[MERGE] Improvements to find_unique_ancestors()

Tue May 20 23:12:41 BST 2008

-----BEGIN PGP SIGNED MESSAGE-----
Hash: SHA1

Ian Clatworthy wrote:
| John Arbash Meinel wrote:
|
|> For a performance comparison...
|>
|> If I run a graph search on the last 100 merge nodes in bzr.dev, it takes an
|> average of 320ms to find the unique nodes. With this code, it takes an
|> average
|> of 115ms. So it is approx 2x as fast.
|
| Really well done on these improvements! I'm rather keen to see this
| land so I've spent much of this afternoon/evening reviewing it. I can't
| see anything wrong code wise but I'm not comfortable approving it yet.
|
| I think it needs 2 changes made:
|
| 1. find_unique_ancestors() is simply too long - it covers 4+ pages
|    when printed - making it unmaintainable by people like me with
|    smaller brains. I'm aware of the performance emphasis here but
|    still feel it could be broken up into a master method that calls
|    two or three helper methods. Those helper methods can contain the
|    loops, rather than being called inside the loops, so performance
|    shouldn't be impacted by a noticeable amount.

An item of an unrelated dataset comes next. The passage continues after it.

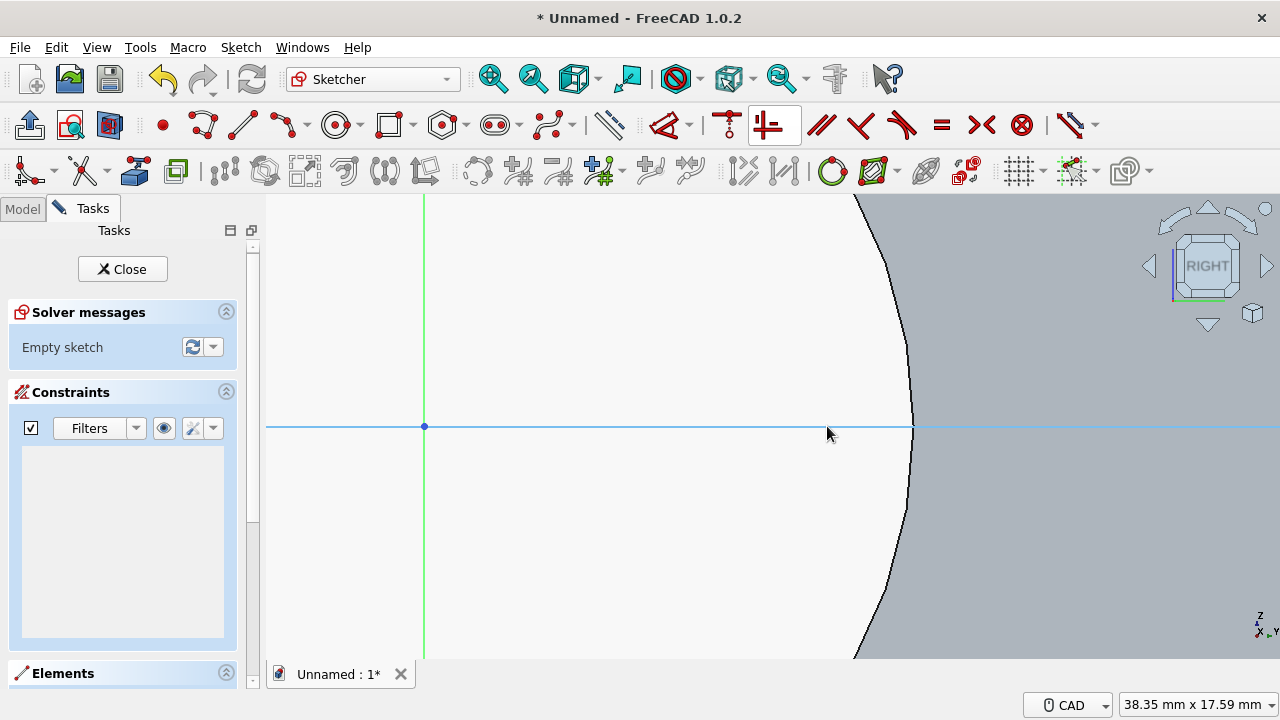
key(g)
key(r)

Heavy algorithmic code is always going to be a pain to maintain. I'll see what I
can do. But it took me a week of probing at it to really get up to speed. I
wouldn't say you have a small brain, just it takes a while to understand the
graph searching logic, and the implications of race conditions, etc.

I certainly don't fully understand it, and mostly go off of what seems right,
and then check its performance against real world data. (For example, it may
seem like you want to move the front edge fast, so that it can converge, but in
reality it often diverges because of all shortcuts.)

I think the reason I didn't break it up more is that there is a decent amount of
state that needs to be transfered between the different sections, which leads to
a lot of parameters, and long function calls. But I'll give it a shot, I might
really like what I end up with.

|
| 2. The algorithm outlined in the opening large comment needs updating
|    to cover the information contained in your email.
|
| As a minor note, several of the _mutter calls probably ought to be
| using %d instead of %s. It's pretty minor compared to the issues above
| though.

I %s works just fine for any time, int, float, Class, etc. I specifically chose
%s because it is less likely to break. (If you pass a class to %d you get an
exception, floats are ok.)

|
| bb:resubmit.
|
| I realise that this patch doesn't necessarily make things that much
| less readable than the existing code. FWIW, I was happy to approve the
| earlier patch because I knew you had a follow-on one coming.
| Let's hope we don't need to come back to this method again for a while
| now - let's leave it both faster and easier to read please.
|
| Ian C.
|

John
=:->
-----BEGIN PGP SIGNATURE-----
Version: GnuPG v1.4.9 (Cygwin)
Comment: Using GnuPG with Mozilla - http://enigmail.mozdev.org

iEYEARECAAYFAkgzTNkACgkQJdeBCYSNAAMbUACfcfjN8+Iix0NgxdleKngDESmI
9PwAn2qx1Jyvi2Uka3krKijpSBuAMISH
=9r5e
-----END PGP SIGNATURE-----